I wished for a brief second that I could talk to Queen Amani. Did she know anything about godmothering? Was she really as wise as everyone painted her? Was the Oracle as wise as everyo
ne said? But I brushed the thoughts away as soon as they came. Questioning either of them was so outrageous and arrogant it could barely form as a complete idea in my head. And I dreaded the idea of talking to Amani again. I didn’t want to give her false hope that I might change my mind.
False hope, I thought. Like I was so special that the Faerie Queen herself was lying awake nights just longing for me, glorious me, to be her successor! I scoffed and pulled my homework out of the front pocket of my green US History binder.
“What was that?” Imogen said, giving me a look, which was fair seeing as how it had sounded like I’d just choked.
“Nothing,” I said. “Just thinking about all this stupidness with Elle.”
She went back to her homework, pressing the end of her pen up against her lips.
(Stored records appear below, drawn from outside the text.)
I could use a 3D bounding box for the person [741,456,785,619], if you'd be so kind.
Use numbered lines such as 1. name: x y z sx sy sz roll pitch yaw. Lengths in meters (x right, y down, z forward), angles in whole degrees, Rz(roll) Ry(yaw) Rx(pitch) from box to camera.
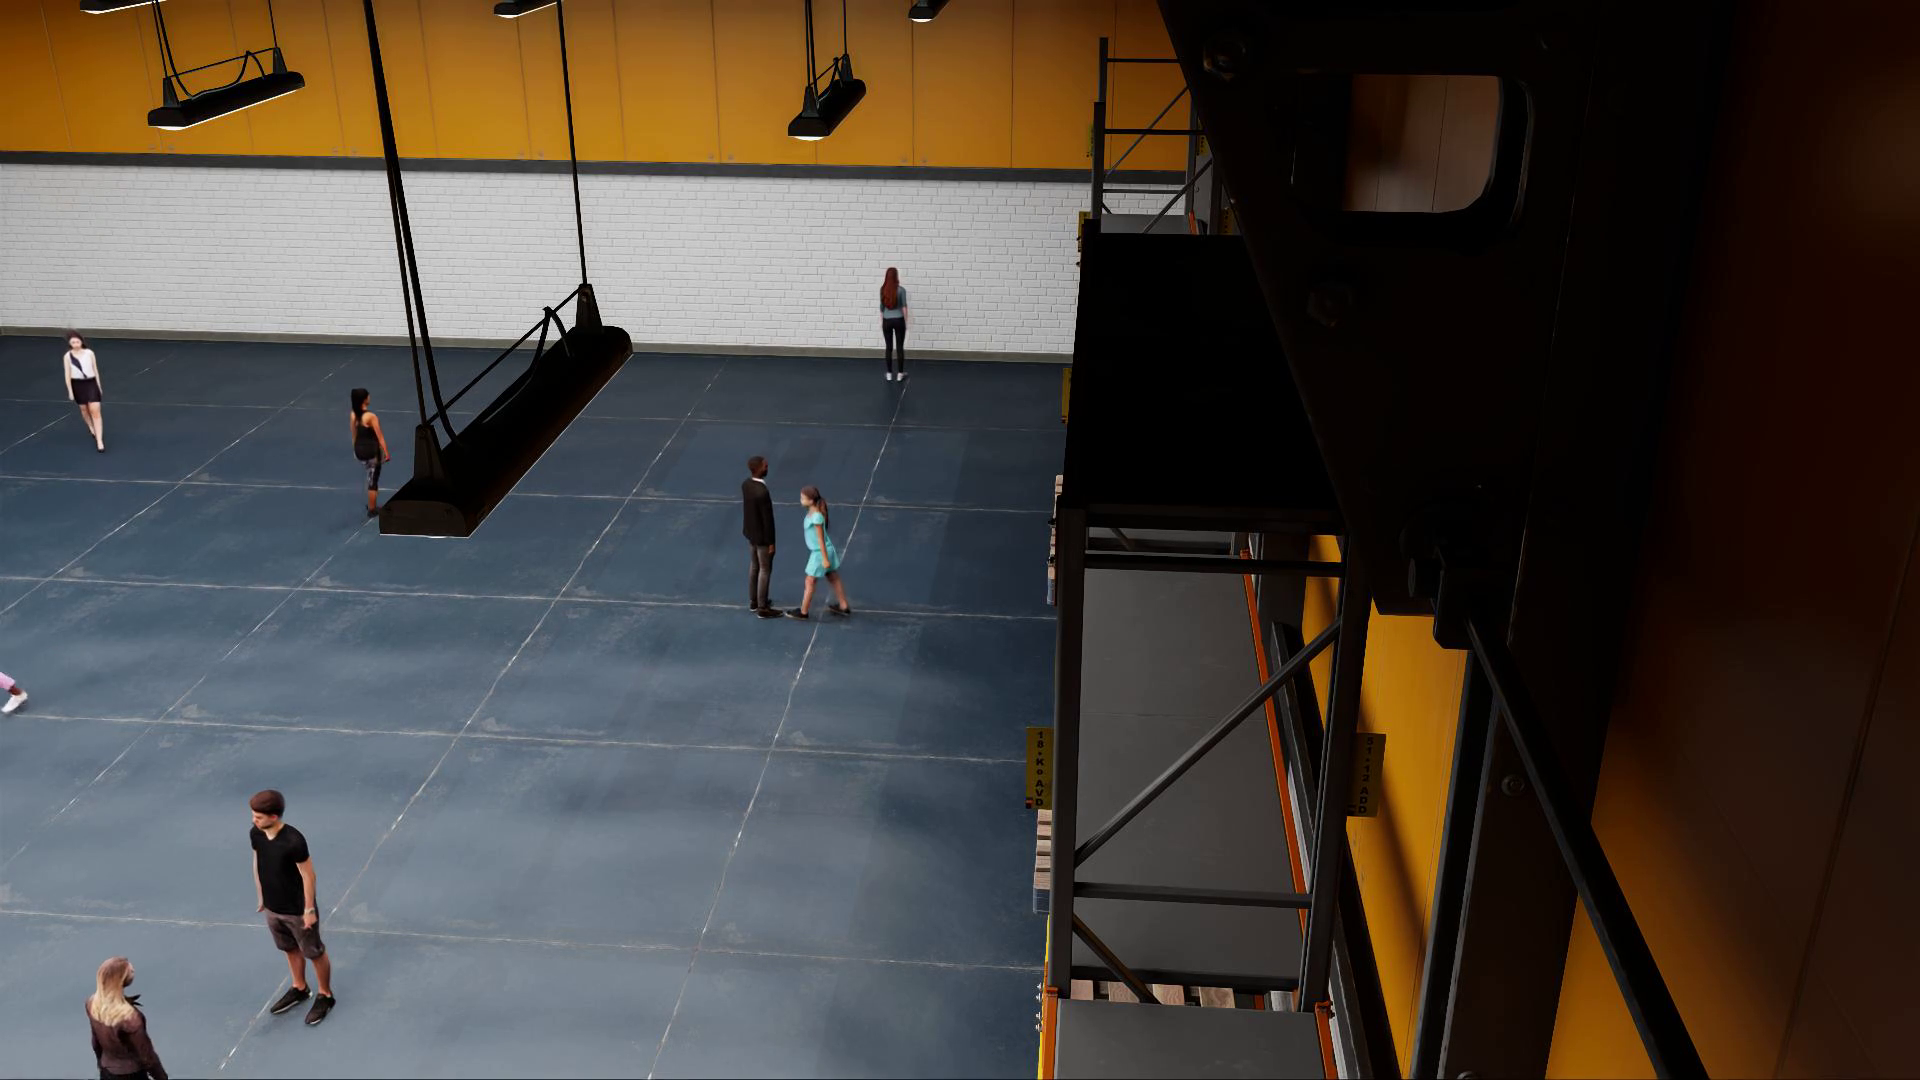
1. person: -2.150 -0.040 17.850 0.815 1.800 0.726 -14 27 -29

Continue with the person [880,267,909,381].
1. person: -1.010 -3.302 25.384 0.595 1.742 0.545 4 24 9

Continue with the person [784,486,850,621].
1. person: -1.433 0.146 17.768 0.700 1.525 0.882 0 24 -1

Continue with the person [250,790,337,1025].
1. person: -4.751 2.565 11.814 0.749 1.861 0.705 10 26 22

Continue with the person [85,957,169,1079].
1. person: -5.196 3.354 10.230 0.716 1.684 0.731 14 27 30

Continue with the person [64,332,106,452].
1. person: -11.932 -2.044 22.679 1.001 1.603 1.150 -14 27 -29

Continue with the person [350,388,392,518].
1. person: -7.296 -1.053 20.346 0.682 1.656 0.692 12 26 26

Not that she was concentrating. Imogen was the poster child of overachievement when it came to her Glim studies, but she did exactly enough to slide by when it came to her Humdrum homework and no more. “I think she bought some more spells, by the way,” she said. “More charms. She’s got a bracelet that definitely has some stuff going on with it.”
A few hours later, I jogged up alongside Elle as she walked down the hall toward the doors that led to the parking lot. It was a typically rainy spring day, and the sky outside the windowed doors was heavy and soft, like folds of gray velvet.
She was wearing makeup, which was a little odd for her. And she had earrings on, tiny dangling beads made out of tiger’s eye. The beauty spell coming off of them was so strong it made my eyes water.
“How’s it going?” I said.
She’d traded in her usual T-shirt and jeans for a short coral belted skirt and a loose beige tank top that looked like something my mom might have worn in the eighties. A raindrop landed on her bare shoulder and she waved her hand at me to follow her.
“I’m good,” she said. She turned for a second to look at me. Her brown eyes were sparkly, almost too sparkly. “Sorry I’ve been crappy about returning your texts,” she said. She bowed her head as the rain started coming down. We reached a dark blue Honda and she unlocked the doors and gestured at me to climb in.